The first clinical study analyzing the effects of bevacizumab on liver regeneration showed that bevacizumab had no effect on the increase in future liver remnant volume and the degree of hypertrophy after portal vein embolization.3 In the current issue of Annals of Surgical Oncology, Aussilhou et al. present the second study on the effect of bevacizumab on liver regeneration in humans.4 The authors report a decrease in hepatic regeneration induced by portal vein occlusion in patients who received extended oxaliplatin or irinotecan chemotherapy with bevacizumab compared with limited oxaliplatin or irinotecan chemotherapy with bevacizumab.

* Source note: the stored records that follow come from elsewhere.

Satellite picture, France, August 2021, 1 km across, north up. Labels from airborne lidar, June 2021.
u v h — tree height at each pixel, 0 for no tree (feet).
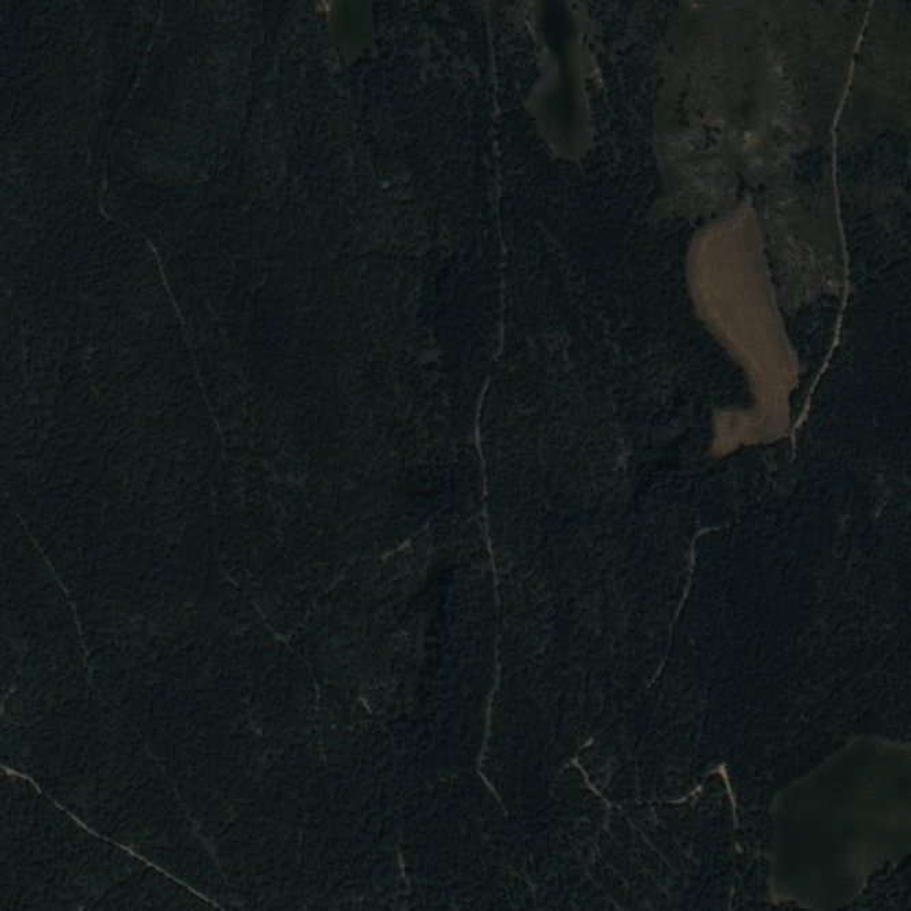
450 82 28
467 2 19
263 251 25
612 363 27
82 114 22
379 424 22
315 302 23
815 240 0
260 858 18
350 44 0
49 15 20
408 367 22
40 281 19
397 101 31
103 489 28
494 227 19
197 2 18
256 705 27
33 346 19
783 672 26
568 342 24
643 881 39
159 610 18
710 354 33
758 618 25
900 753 0
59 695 20
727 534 22
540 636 31
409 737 33
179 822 27
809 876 0
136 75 27
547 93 0
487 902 26
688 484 43
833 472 27
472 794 31
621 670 22
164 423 24
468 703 26
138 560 25
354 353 22
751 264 0
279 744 18
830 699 20
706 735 29
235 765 21
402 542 23
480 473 23
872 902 24
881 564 22
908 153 28
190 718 23
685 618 32
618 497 29
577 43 0
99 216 24
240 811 27
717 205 0
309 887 38
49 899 23
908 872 38
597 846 31
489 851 48
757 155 0
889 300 24
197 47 19
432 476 25
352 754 27
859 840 0
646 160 22
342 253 21
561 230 31
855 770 0
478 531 23
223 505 21
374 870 42
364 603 22
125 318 21
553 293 37
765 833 34
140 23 22
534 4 0
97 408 24
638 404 39
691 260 0
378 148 20
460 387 28
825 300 26
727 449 0
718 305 0
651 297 30
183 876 22
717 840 31
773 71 0
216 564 35
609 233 27
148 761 21
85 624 21
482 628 25
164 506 19
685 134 0
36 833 20
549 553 30
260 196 23
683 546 24
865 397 25
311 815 35
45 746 26
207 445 21
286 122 26
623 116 25
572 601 22
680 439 54
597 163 27
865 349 22
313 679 28
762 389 0
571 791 19
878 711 35
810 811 0
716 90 0
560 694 30
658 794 26
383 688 22
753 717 25
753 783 25
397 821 22
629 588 33
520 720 23
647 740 24
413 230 20
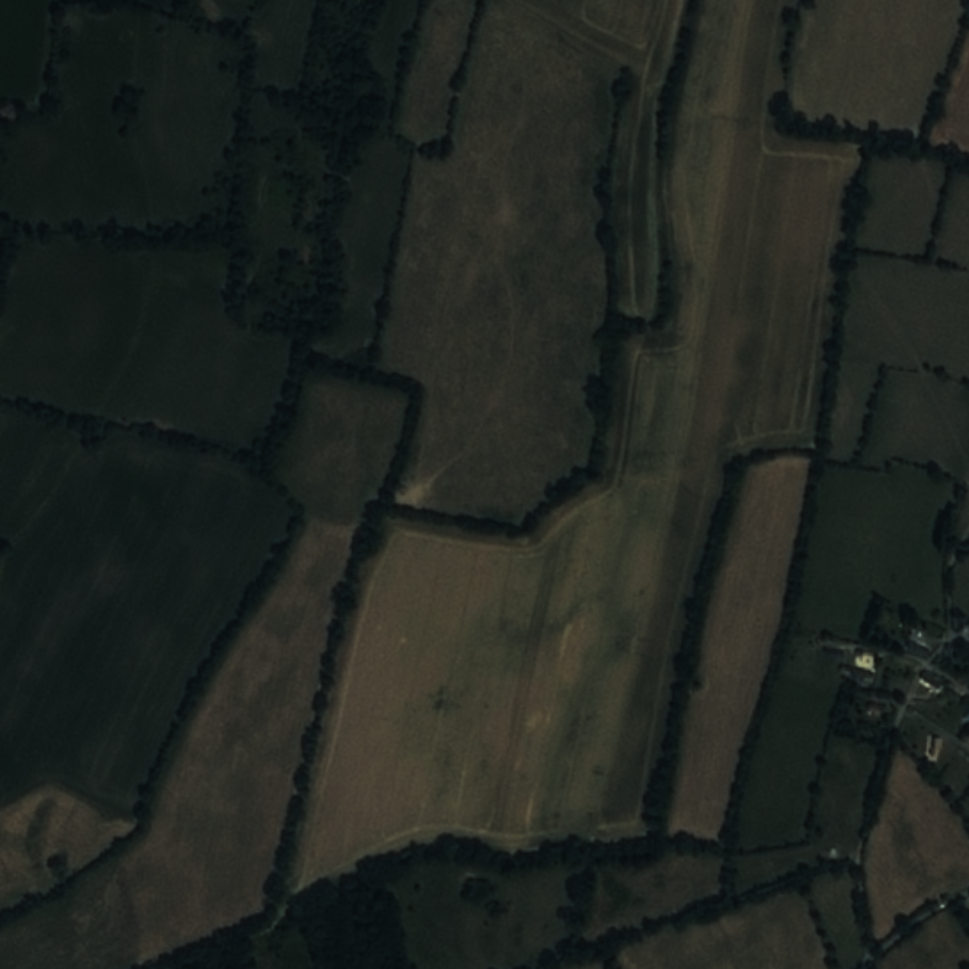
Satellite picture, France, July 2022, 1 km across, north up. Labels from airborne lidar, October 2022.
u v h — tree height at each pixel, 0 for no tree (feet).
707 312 0
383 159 0
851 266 52
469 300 0
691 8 36
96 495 0
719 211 0
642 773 0
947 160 53
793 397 0
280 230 0
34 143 0
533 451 0
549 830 0
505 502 0
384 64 0
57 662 0
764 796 0
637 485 0
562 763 0
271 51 0
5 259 45
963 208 0
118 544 0
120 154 0
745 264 0
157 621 0
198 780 0
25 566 0
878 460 0
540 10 0
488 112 0
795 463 0
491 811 0
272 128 0
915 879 0
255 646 0
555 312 0
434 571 0
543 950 0
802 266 0
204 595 0
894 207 0
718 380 0
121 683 0
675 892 0
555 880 0
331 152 27
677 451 0
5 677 0
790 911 0
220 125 0
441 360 0
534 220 0
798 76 0
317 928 78
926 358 0
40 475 0
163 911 0
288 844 60
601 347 22
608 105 0
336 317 34
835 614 0
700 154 0
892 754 20
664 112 31
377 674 0
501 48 0
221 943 45
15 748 0
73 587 0
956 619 26
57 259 0
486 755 0
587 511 0
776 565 0
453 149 40
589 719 0
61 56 19
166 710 0
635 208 0
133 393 0
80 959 0
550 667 0
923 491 0
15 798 0
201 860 0
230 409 0
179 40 0
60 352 0
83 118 0
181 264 0
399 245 27
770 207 0
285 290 25
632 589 0
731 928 0
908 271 0
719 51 0
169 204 0
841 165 0
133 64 0
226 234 44
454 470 0
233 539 0
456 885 0
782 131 41
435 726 0
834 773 0
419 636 0
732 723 0
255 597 52
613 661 0
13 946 0
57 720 0
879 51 0
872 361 0
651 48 0
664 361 0
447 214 0
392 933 71
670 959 0
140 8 32
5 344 0
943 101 48
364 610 0
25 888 0
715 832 0
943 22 0
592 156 0
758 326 0
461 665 0
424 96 0
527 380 0
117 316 0
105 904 0
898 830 0
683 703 50
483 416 0
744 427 0
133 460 0
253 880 0
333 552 0
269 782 0
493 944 0
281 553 52
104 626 0
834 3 0
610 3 0
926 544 0
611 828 0
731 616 0
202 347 0
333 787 0
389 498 54
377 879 72
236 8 0
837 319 20
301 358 37
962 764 0
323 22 46
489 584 0
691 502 0
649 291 0
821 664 0
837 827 0
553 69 0
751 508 0
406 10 0
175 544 0
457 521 33
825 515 0
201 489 0
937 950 0
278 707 0
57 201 0
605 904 0
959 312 0
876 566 0
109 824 0
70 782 0
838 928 0
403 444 22
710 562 34
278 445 53
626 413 0
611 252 44
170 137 0
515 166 0
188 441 56
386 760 0
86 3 52
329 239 33
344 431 0
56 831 0
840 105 0
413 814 0
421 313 0
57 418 56
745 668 0
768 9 0
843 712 32
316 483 0
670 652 0
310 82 31
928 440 0
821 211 0
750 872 0
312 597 0
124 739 0
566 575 0
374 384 35

However, in interpreting these results, the effect of extended chemotherapy itself needs to be considered. In other words, was bevacizumab or extended chemotherapy responsible for the observed pathophysiologic effect on liver regeneration? Recent data from our group indicated that extended preoperative chemotherapy (nine or more cycles) was an independent predictor of postoperative hepatic insufficiency after hepatic resection for colorectal liver metastases.5 We also found that bevacizumab significantly reduced the incidence of oxaliplatin-associated sinusoidal injury and that only duration of chemotherapy, not bevacizumab, independently predicted an increased risk of hepatic insufficiency.5 These data, although not conclusive regarding liver regeneration, suggested that in patients treated with oxaliplatin, prolonged chemotherapy, rather than bevacizumab therapy, adversely affected hepatic regeneration.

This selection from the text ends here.